Ne va da sé che questi aspetti sono estremamente collegati all’autostima. Se non penso di poter determinare gli eventi, se non ho fiducia in me stesso, difficilmente mi attribuirò un buon valore.

Quindi, da cosa si può partire per riportare dentro di noi questa consapevolezza?

Il miglior modo per imparare a fare qualcosa è proprio cimentarsi. Esistono moltissime teorie e strategie, ma ognuno deve trovare la propria.

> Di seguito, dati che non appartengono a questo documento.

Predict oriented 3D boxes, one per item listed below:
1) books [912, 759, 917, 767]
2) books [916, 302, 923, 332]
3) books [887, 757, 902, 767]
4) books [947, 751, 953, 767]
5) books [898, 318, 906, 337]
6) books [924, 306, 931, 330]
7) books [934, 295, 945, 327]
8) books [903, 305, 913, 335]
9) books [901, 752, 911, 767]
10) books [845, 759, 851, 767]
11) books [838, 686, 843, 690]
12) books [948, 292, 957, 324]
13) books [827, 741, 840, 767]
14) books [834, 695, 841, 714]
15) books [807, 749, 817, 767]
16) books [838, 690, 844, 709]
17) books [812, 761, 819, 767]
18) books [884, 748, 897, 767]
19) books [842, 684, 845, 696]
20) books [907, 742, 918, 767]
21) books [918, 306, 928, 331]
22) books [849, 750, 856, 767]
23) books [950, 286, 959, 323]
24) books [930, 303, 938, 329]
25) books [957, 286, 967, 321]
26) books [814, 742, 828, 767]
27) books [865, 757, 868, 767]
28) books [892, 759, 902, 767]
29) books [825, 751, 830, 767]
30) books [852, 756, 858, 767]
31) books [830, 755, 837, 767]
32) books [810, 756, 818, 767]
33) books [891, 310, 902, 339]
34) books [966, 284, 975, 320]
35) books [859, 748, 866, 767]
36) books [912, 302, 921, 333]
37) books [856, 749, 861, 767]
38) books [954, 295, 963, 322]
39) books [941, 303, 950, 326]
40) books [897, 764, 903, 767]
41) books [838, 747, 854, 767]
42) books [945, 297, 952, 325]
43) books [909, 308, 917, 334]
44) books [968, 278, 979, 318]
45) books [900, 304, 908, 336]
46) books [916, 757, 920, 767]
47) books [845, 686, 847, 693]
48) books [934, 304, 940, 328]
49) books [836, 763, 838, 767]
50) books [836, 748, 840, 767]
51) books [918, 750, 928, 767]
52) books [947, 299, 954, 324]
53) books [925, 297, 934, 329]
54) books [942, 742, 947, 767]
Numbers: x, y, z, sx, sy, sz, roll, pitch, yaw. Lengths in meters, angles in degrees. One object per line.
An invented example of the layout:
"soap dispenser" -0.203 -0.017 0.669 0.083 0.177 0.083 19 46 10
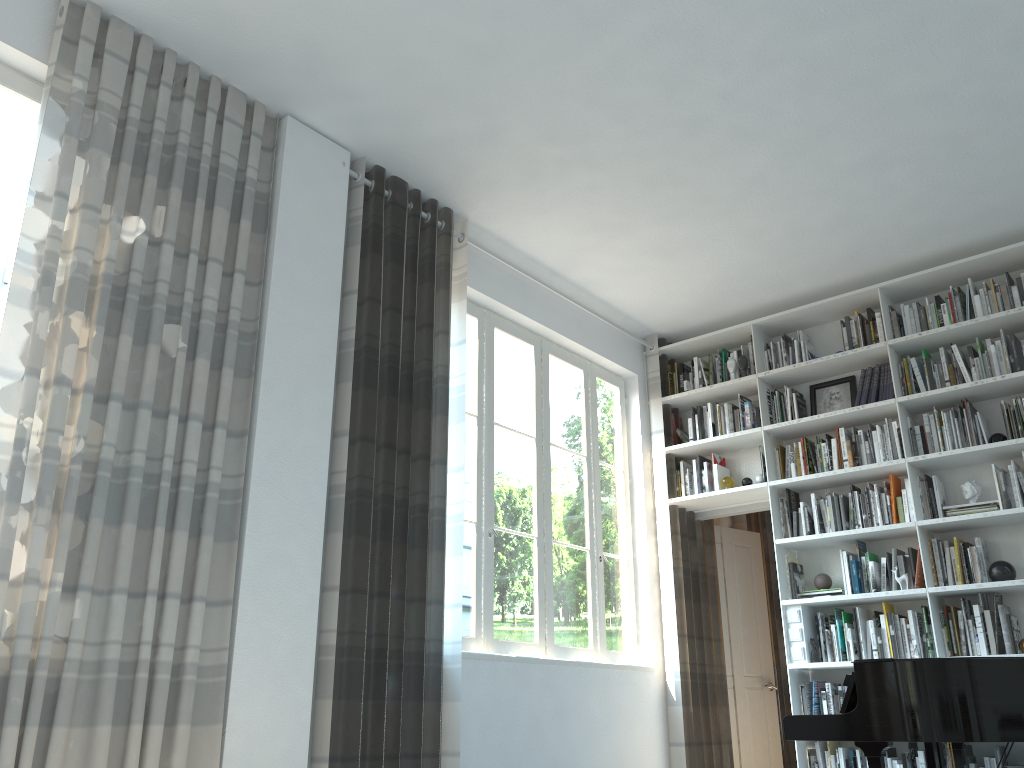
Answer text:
"books" 2.220 2.148 4.811 0.024 0.213 0.137 -16 -26 37
"books" 2.526 -0.362 5.434 0.012 0.249 0.174 -16 -26 37
"books" 2.115 2.167 4.867 0.021 0.217 0.191 -16 -26 37
"books" 2.348 2.089 4.718 0.065 0.255 0.156 -16 -26 37
"books" 2.445 -0.300 5.503 0.024 0.182 0.133 -16 -26 37
"books" 2.559 -0.352 5.402 0.015 0.206 0.167 -16 -26 37
"books" 2.624 -0.391 5.385 0.028 0.267 0.152 -16 -26 37
"books" 2.477 -0.347 5.479 0.031 0.253 0.146 -16 -26 37
"books" 2.173 2.134 4.817 0.023 0.243 0.188 -16 -26 37
"books" 1.939 2.232 5.020 0.022 0.205 0.159 -16 -26 37
"books" 1.945 1.889 5.157 0.022 0.247 0.134 -16 -26 37
"books" 2.669 -0.406 5.323 0.013 0.250 0.184 -16 -26 37
"books" 1.862 2.200 5.094 0.011 0.317 0.158 -16 -26 37
"books" 1.925 1.916 5.160 0.025 0.199 0.137 -16 -26 37
"books" 1.771 2.261 5.163 0.012 0.253 0.161 -16 -26 37
"books" 1.943 1.886 5.114 0.028 0.222 0.189 -16 -26 37
"books" 1.788 2.274 5.107 0.029 0.189 0.177 -16 -26 37
"books" 2.098 2.150 4.889 0.025 0.265 0.160 -16 -26 37
"books" 1.960 1.866 5.109 0.013 0.256 0.190 -16 -26 37
"books" 2.207 2.107 4.839 0.013 0.309 0.131 -16 -26 37
"books" 2.534 -0.351 5.405 0.029 0.207 0.179 -16 -26 37
"books" 1.958 2.207 5.018 0.022 0.251 0.140 -16 -26 37
"books" 2.680 -0.430 5.325 0.010 0.297 0.151 -16 -26 37
"books" 2.600 -0.364 5.409 0.025 0.234 0.130 -16 -26 37
"books" 2.709 -0.429 5.295 0.013 0.275 0.165 -16 -26 37
"books" 1.820 2.223 5.118 0.045 0.292 0.181 -16 -26 37
"books" 2.024 2.190 4.968 0.022 0.245 0.135 -16 -26 37
"books" 2.134 2.166 4.849 0.028 0.205 0.171 -16 -26 37
"books" 1.851 2.239 5.094 0.024 0.245 0.143 -16 -26 37
"books" 1.969 2.213 4.992 0.022 0.220 0.163 -16 -26 37
"books" 1.872 2.238 5.064 0.022 0.225 0.155 -16 -26 37
"books" 1.785 2.275 5.146 0.023 0.215 0.159 -16 -26 37
"books" 2.415 -0.323 5.517 0.029 0.236 0.156 -16 -26 37
"books" 2.732 -0.436 5.274 0.052 0.271 0.173 -16 -26 37
"books" 1.997 2.163 4.972 0.013 0.299 0.184 -16 -26 37
"books" 2.515 -0.358 5.448 0.023 0.250 0.171 -16 -26 37
"books" 1.991 2.193 4.987 0.027 0.255 0.160 -16 -26 37
"books" 2.703 -0.402 5.311 0.029 0.234 0.130 -16 -26 37
"books" 2.640 -0.369 5.349 0.030 0.200 0.152 -16 -26 37
"books" 2.152 2.166 4.823 0.031 0.187 0.190 -16 -26 37
"books" 1.912 2.205 5.033 0.023 0.265 0.177 -16 -26 37
"books" 2.655 -0.390 5.339 0.013 0.233 0.155 -16 -26 37
"books" 2.495 -0.338 5.454 0.023 0.219 0.181 -16 -26 37
"books" 2.766 -0.460 5.271 0.014 0.314 0.166 -16 -26 37
"books" 2.469 -0.347 5.513 0.021 0.278 0.141 -16 -26 37
"books" 2.230 2.134 4.790 0.022 0.224 0.141 -16 -26 37
"books" 1.965 1.864 5.098 0.010 0.251 0.178 -16 -26 37
"books" 2.609 -0.362 5.388 0.012 0.215 0.150 -16 -26 37
"books" 1.893 2.254 5.049 0.022 0.185 0.145 -16 -26 37
"books" 1.894 2.210 5.038 0.013 0.260 0.174 -16 -26 37
"books" 2.247 2.113 4.779 0.027 0.255 0.179 -16 -26 37
"books" 2.660 -0.386 5.323 0.011 0.215 0.160 -16 -26 37
"books" 2.570 -0.381 5.406 0.010 0.263 0.161 -16 -26 37
"books" 2.303 2.070 4.733 0.012 0.302 0.166 -16 -26 37

E questo non può che passare dall’esperienza: assaggiare un successo, così come accettare un fallimento sono esperienze che se integrate dentro di noi vanno a costituire mattoncini importanti.

Quando sentiamo di aver costruito qualcosa in noi si muove una spinta a fare di più, in una sorta di “conferma” di noi stessi. Ma anche l’insuccesso, al di là del dolore, ci consente di acquisire consapevolezza. Domandarsi cos’è accaduto e considerarlo un evento da cui partire (e non un porto a cui approdare!) per rivalutare come mai sono arrivato a quel risultato, è un momento fondamentale di ogni percorso.

Possiamo partire a sperimentarci dandoci dei piccoli obiettivi.

Nulla di trascendentale: qualcosa su cui ci sentiamo già piuttosto sicuri di noi stessi, che non ci destabilizzi qualora le cose non vadano come previsto. Acquisire per gradi la consapevolezza di sè, di come ci muoviamo nel mondo è fondamentale. Molti percorsi di cambiamento vengono interrotti quando ci si pone obiettivi troppo elevati. Pensate per esempio a quanto accade quando ci si propone di andare in palestra tutti i giorni, oppure quando ci si dice di non voler sbagliare più. A volte ci fissiamo degli obiettivi così difficili che i progetti per attuarli sono necessariamente destinati a fallire.

Acquisire consapevolezza di sè significa imparare ad assumerci responsabilità, il che è differente dall’attribuirci delle colpe.

Fissare un piccolo obiettivo, porci una piccola sfida, può essere invece la base da cui partire per confrontarci poi con noi stessi.

E da quale obiettivo si può partire? 

La semplicità della nostra meta di partenza non è certamente tutto. Chiediamoci cosa ci interessa davvero: dovrebbe essere qualcosa che ci stimoli, per cui proviamo una forte motivazione.

Se vogliamo cambiare qualche aspetto di noi dovremmo anzitutto chiederci il motivo e domandarci dove vorremmo arrivare.

Perchè, come diceva Seneca,

“Non esiste vento favorevole per il marinaio che non sa dove andare”.

© Dr.ssa Sara Azzali

Psicologa Psicoterapeuta

Studio di Psicologia a Parma e Fidenza (PR)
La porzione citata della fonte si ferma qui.